**Task:** Restate all entries exactly. Skip the images.

Record set START

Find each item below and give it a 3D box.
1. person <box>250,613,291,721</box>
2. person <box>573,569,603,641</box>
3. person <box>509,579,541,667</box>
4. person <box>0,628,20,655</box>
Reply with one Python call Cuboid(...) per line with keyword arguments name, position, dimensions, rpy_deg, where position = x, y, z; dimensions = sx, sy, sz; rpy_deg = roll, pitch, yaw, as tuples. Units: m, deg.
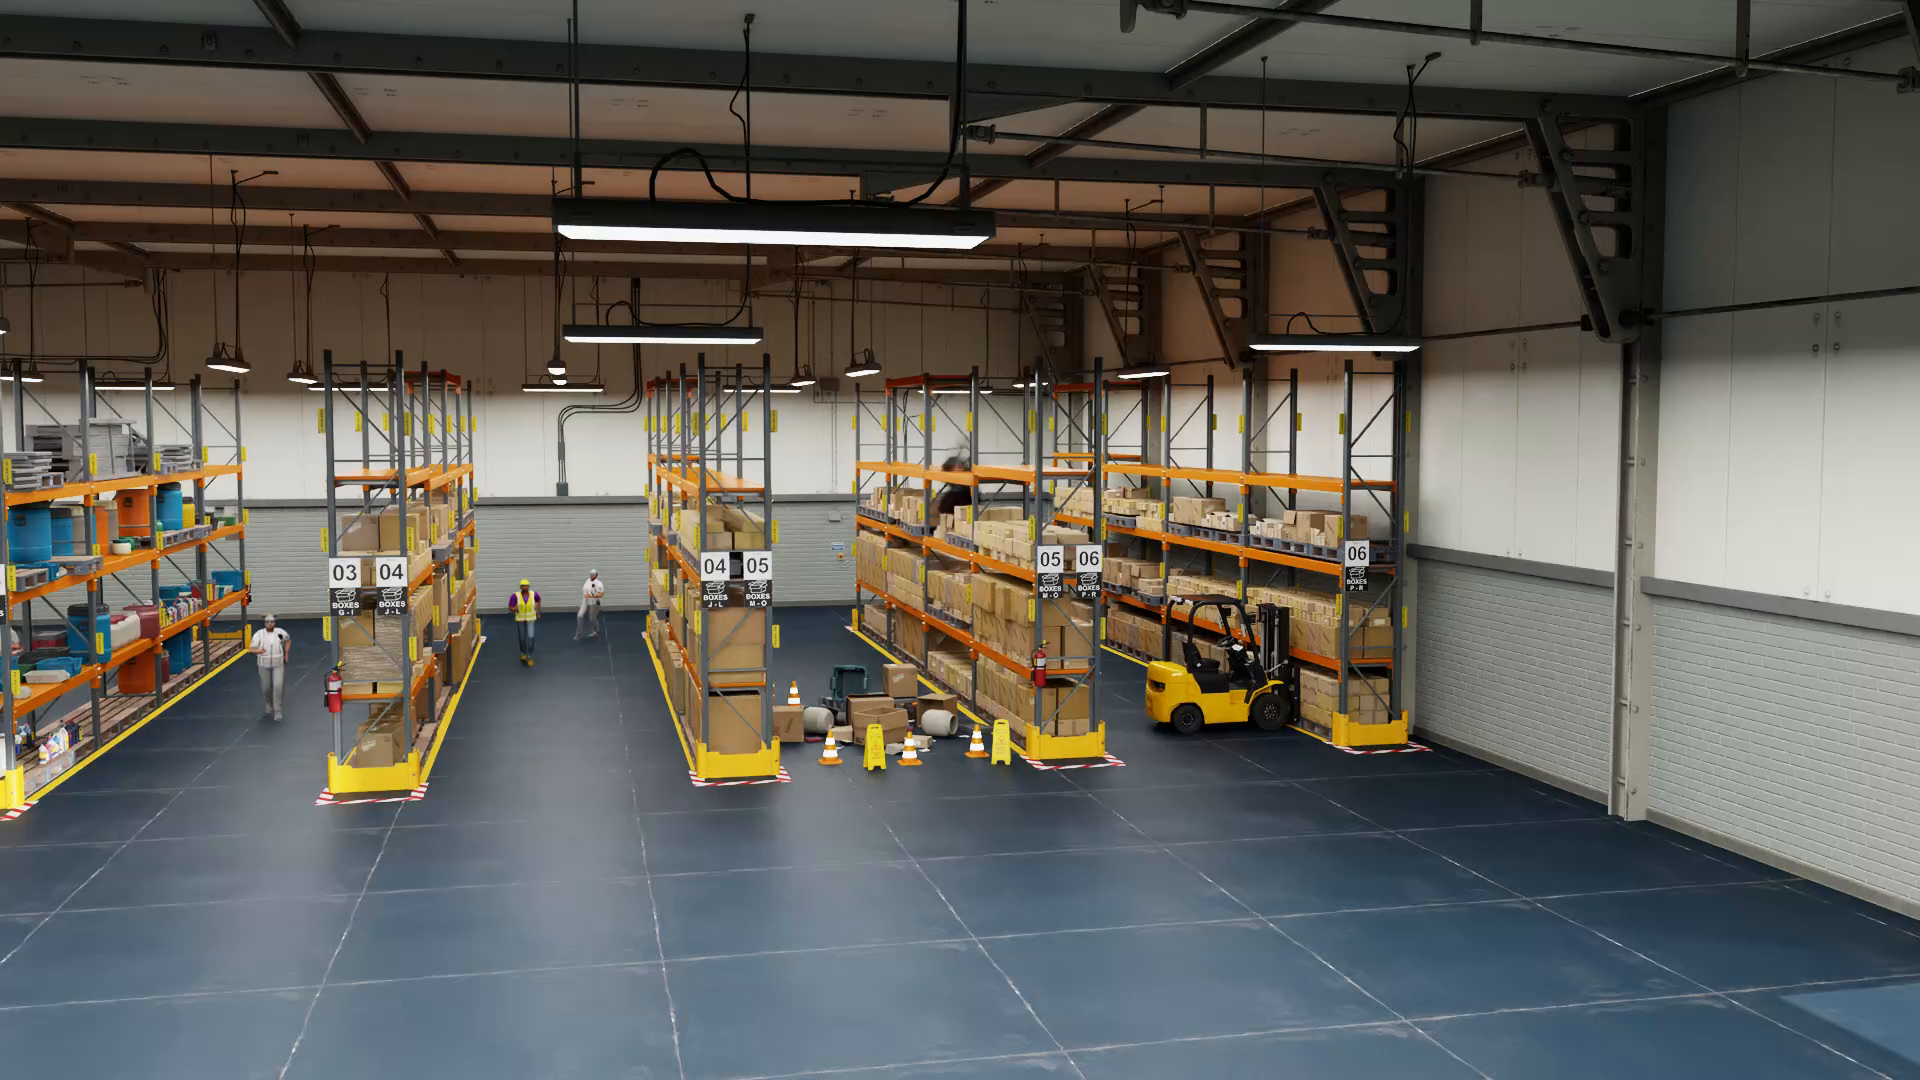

Record set END

**Task answer:**
Find each item below and give it a 3D box.
1. person <box>250,613,291,721</box>
2. person <box>573,569,603,641</box>
3. person <box>509,579,541,667</box>
4. person <box>0,628,20,655</box>
Reply with one Python call Cuboid(...) per line with keyword arguments name, position, dimensions, rpy_deg, where position = x, y, z; dimensions = sx, sy, sz; rpy_deg = roll, pitch, yaw, as tuples. Units: m, deg.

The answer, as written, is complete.